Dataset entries
-*-

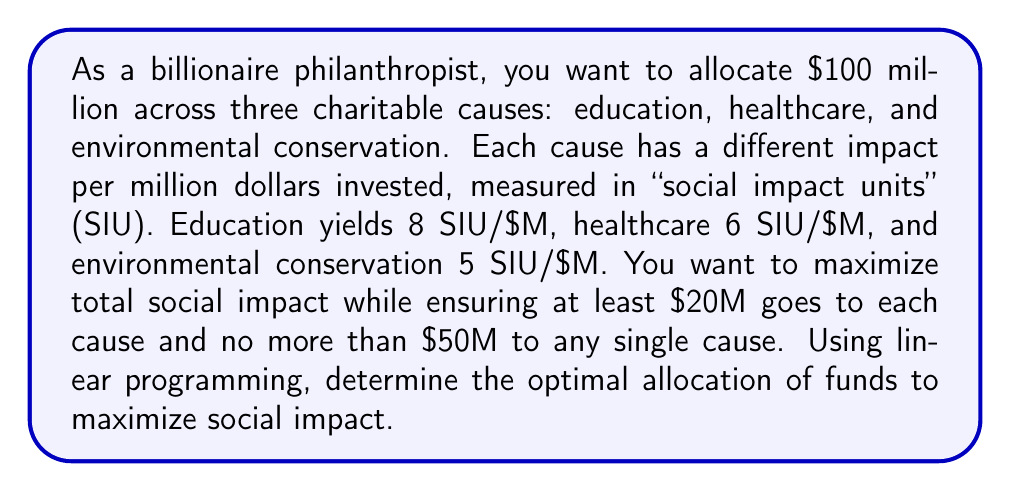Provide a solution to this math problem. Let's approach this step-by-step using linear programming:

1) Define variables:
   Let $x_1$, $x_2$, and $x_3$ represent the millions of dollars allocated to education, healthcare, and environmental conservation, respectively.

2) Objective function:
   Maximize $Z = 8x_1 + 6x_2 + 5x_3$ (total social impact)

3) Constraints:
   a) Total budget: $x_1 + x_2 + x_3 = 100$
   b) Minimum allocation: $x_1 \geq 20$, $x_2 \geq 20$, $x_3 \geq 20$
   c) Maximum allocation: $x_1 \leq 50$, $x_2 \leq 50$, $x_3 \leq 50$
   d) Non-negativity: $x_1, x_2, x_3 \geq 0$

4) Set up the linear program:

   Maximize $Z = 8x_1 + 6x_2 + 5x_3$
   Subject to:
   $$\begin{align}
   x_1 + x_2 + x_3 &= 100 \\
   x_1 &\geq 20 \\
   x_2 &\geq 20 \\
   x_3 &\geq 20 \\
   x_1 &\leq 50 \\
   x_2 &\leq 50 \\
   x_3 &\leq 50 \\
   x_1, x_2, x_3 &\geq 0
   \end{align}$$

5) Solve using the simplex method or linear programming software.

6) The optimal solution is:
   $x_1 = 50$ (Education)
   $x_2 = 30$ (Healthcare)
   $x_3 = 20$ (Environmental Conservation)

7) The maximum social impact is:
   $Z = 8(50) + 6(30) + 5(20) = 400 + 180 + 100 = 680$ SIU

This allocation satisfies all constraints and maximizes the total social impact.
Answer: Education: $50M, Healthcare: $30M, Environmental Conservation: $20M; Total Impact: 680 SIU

-*-

* [Problem description] Your answer must be the lines from the one that contains "x_1 + x_2 + x_3 &= 100 \\" through the last line of the entries above, copied exactly, with no other lines.

* [Response]
   x_1 + x_2 + x_3 &= 100 \\
   x_1 &\geq 20 \\
   x_2 &\geq 20 \\
   x_3 &\geq 20 \\
   x_1 &\leq 50 \\
   x_2 &\leq 50 \\
   x_3 &\leq 50 \\
   x_1, x_2, x_3 &\geq 0
   \end{align}$$

5) Solve using the simplex method or linear programming software.

6) The optimal solution is:
   $x_1 = 50$ (Education)
   $x_2 = 30$ (Healthcare)
   $x_3 = 20$ (Environmental Conservation)

7) The maximum social impact is:
   $Z = 8(50) + 6(30) + 5(20) = 400 + 180 + 100 = 680$ SIU

This allocation satisfies all constraints and maximizes the total social impact.
Answer: Education: $50M, Healthcare: $30M, Environmental Conservation: $20M; Total Impact: 680 SIU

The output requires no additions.